* _WHAT THE EXERCISE ASKS_: The answer must be every line below that holds the word "with".

* _Stored data_:
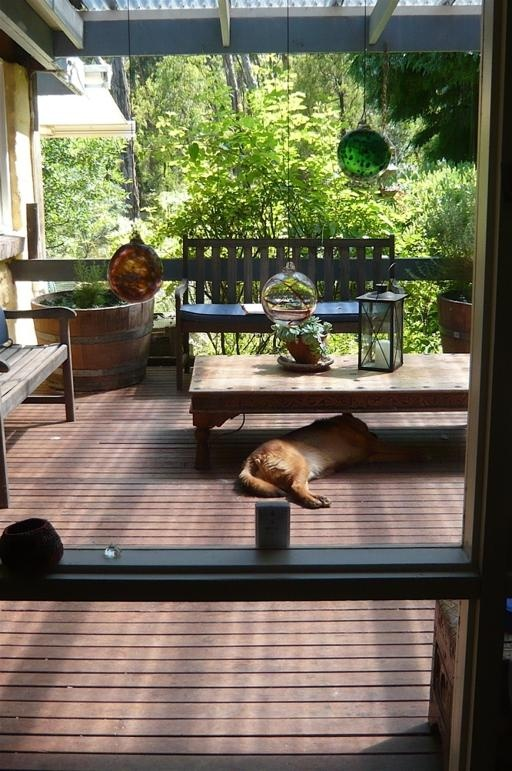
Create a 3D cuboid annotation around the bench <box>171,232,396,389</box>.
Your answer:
[{"bbox_3d":[0.254,-0.565,4.646,1.665,1.188,0.619,0,14,3],"label":"bench"}]

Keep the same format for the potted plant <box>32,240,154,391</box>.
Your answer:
[{"bbox_3d":[-1.127,-0.490,4.427,0.821,0.653,0.967,21,34,16],"label":"potted plant"}]

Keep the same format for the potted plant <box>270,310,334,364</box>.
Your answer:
[{"bbox_3d":[0.218,-0.227,3.225,0.291,0.259,0.319,-12,19,-6],"label":"potted plant"}]

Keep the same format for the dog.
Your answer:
[{"bbox_3d":[0.300,0.303,2.810,0.686,0.262,0.380,-19,-3,-37],"label":"dog"}]
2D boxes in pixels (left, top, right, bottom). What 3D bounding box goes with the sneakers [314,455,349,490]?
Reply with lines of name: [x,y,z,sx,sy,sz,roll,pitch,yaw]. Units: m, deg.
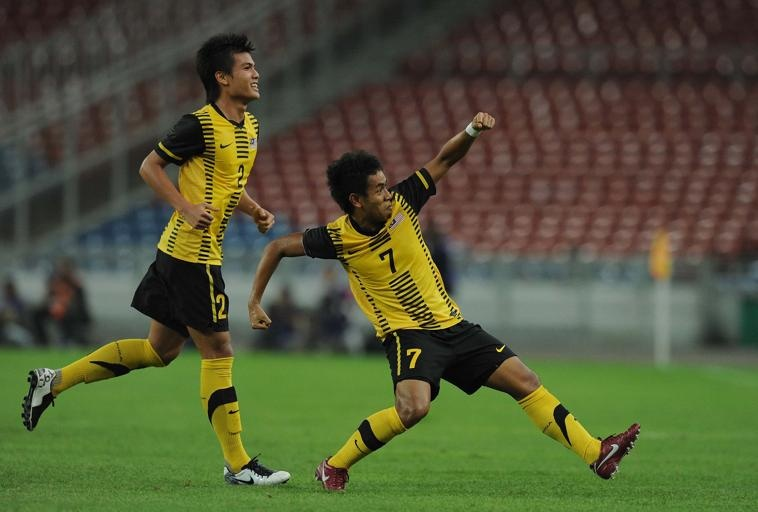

* _EXERCISE ANSWER_:
2D boxes in pixels (left, top, right, bottom). What 3D bounding box goes with the sneakers [314,455,349,490]?
Reply with lines of name: [x,y,z,sx,sy,sz,roll,pitch,yaw]. Units: m, deg.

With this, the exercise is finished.